While this blog has dedicated ample articles on the problematic art dealers mentioned above, we have never covered Evangelisti in the past. His involvement in the illicit trade was first identified during Operation Geryon just before Christmas in 2003, when officers overheard a conversation during wire taps which referred to someone nicknamed “Peppino il taglialegna”—Peppino the woodcutter, a name derived from the individual's “day job”, providing firewood to two villages. At night however, Evangelisti moonlighted as a tombarolo, scavenging the hillsides for Attic and bucchero ceramics, bronze statues and various terracotta finds primarily used in funerary contexts.
Luckily for investigators, when they raided Peppino's home near Lake Balsena they found not just the fruit of his recent clandestine labours but a batch of books on a shelf (nine books of agendas and seven albums) which documented the extent of his looting from 1997 to 2002. A virtual goldmine for investigators, the albums contained photographs of every object he had ever looted, even going so far as to record the depth underground of the objects he illegally excavated.

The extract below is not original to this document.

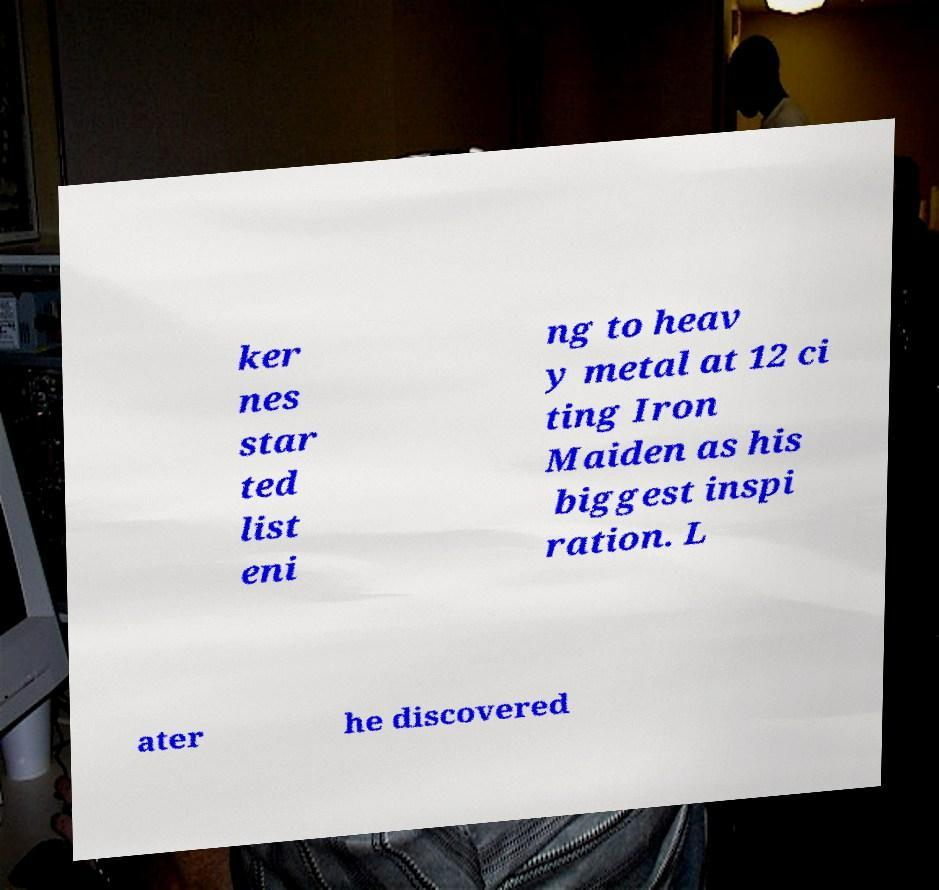Can you accurately transcribe the text from the provided image for me? ker nes star ted list eni ng to heav y metal at 12 ci ting Iron Maiden as his biggest inspi ration. L ater he discovered

In her review of these journals and albums, former Villa Giulia employee Daniela Rizzo stated that in her twenty-six years of experience, Evangelisti was the only person, aside from Giacomino (Medici), who recorded such detailed records of his activities.
Through it all Phoenix Ancient Art, long considered one of the most prominent galleries dealing in classical antiquities, once again finds itself at the center of controversy. While the Aboutaam brothers have not been charged in connection with the Italian-Belgian operation, their business history is inseparable from the problematic story of the antiquities trade.
In January 2023 at the Geneva police court, Ali Aboutaam was sentenced by the Swiss authorities following a complex and multi-year criminal and procedural investigation by officers and analysts with Switzerland's customs and anti-fraud divisions, working with the Geneva Public Prosecutor's Office. The Swiss-based merchant had earlier been found guilty of forgery of titles. In that case the courts also confirmed the seizure of 42 artefacts, confiscated due to their illicit origin.
For Italian authorities, the current case is less about one gallery than about dismantling a system that has long allowed cultural property to vanish from archaeological landscapes and reappear behind glass cases thousands of kilometres away. The artefacts now bound for Rome belong, by law, to the Italian state’s “unavailable assets,” meaning they can neither be privately owned nor sold and their repatriation signals both a practical and symbolic victory for Italy’s Carabinieri TPC, which has spent decades tracking stolen heritage across the world’s galleries, auction houses and art fairs.
The anticipated return of these objects does more than close a legal chapter, it again underscores how the same names, archives, and networks continue to bear fruit in terms of recoveries, even twenty years after the Medici conviction and the scandals that rocked museums in the 1990s and early 2000s. The discovery in Brussels suggests that, despite improved international cooperation, large caches of looted antiquities remain hidden in private storage and corporate collections.